Having a list of lists,
mylist = [[1, 3, 4], [3, 6, 7], [8, 0, -1, 3]]
I need a method to get list containing indexes of all elements of some certain value, '3' for example. So for value of '3' such list of indexes should be
[[0, 1], [1, 0], [2, 3]]
Thanks in advance.
Update : we can have several instances of sought-for value ('3' in our case) in same sublist, like
my_list = [[1, 3, 4], [3, 6, 7], [8, 0, -1, 3, 3]]
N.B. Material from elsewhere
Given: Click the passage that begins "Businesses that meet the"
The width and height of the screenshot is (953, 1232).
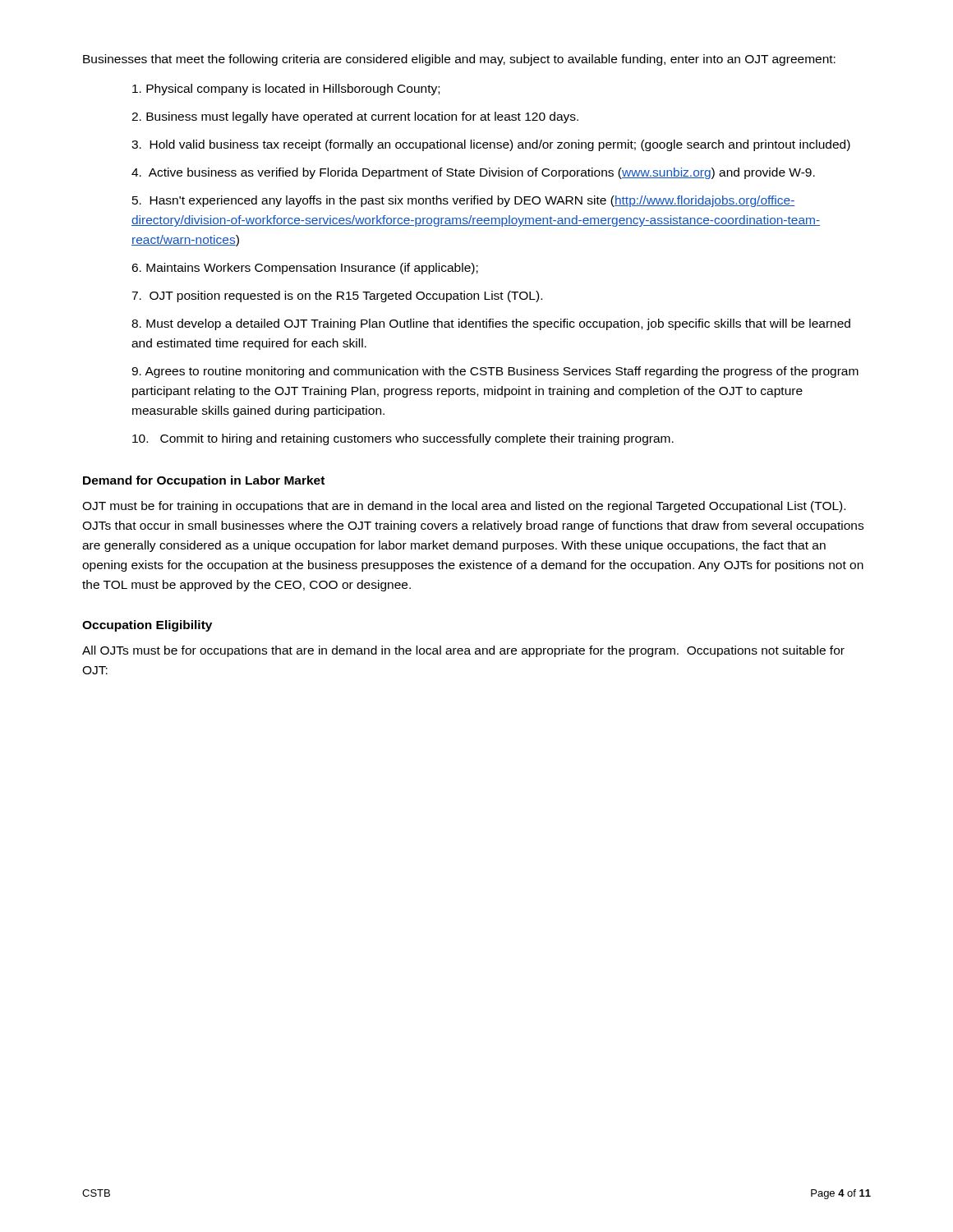Looking at the screenshot, I should (x=459, y=59).

So desired output will be [[0, 1], [1, 0], [2, 3], [2, 4]]
.
I suppose that my solution is slightly naive, here it is:
my_list = [[1, 3, 4], [3, 6, 7], [8, 0, -1, 3, 3]]
value = 3
list_of_indexes = []
for i in range(len(my_list)):
for j in range(len(my_list[i])):
if my_list[i][j] == value:
index = i, j
list_of_indexes.append(index)
print list_of_indexes
>>[(0, 1), (1, 0), (2, 3), (2, 4)]]
It will be great to see more compact solution
Assuming the value appears once in each sublist, you could use the following function, which makes use of the built in enumerate
function and a list comprehension:
my_list = [[1, 3, 4], [3, 6, 7], [8, 0, -1, 3]]
def func(my_list, x):
return [[idx, sublist.index(x)] for idx, sublist in enumerate(my_list)]
answer = func(my_list, 3)
print(answer)
Output
[[0, 1], [1, 0], [2, 3]]
Easy way,
def get_val(mylist, val):
for ix, item in enumerate(mylist):
yield [ix, item.index(val)]
mylist = [[1, 3, 4], [3, 6, 7], [8, 0, -1, 3]]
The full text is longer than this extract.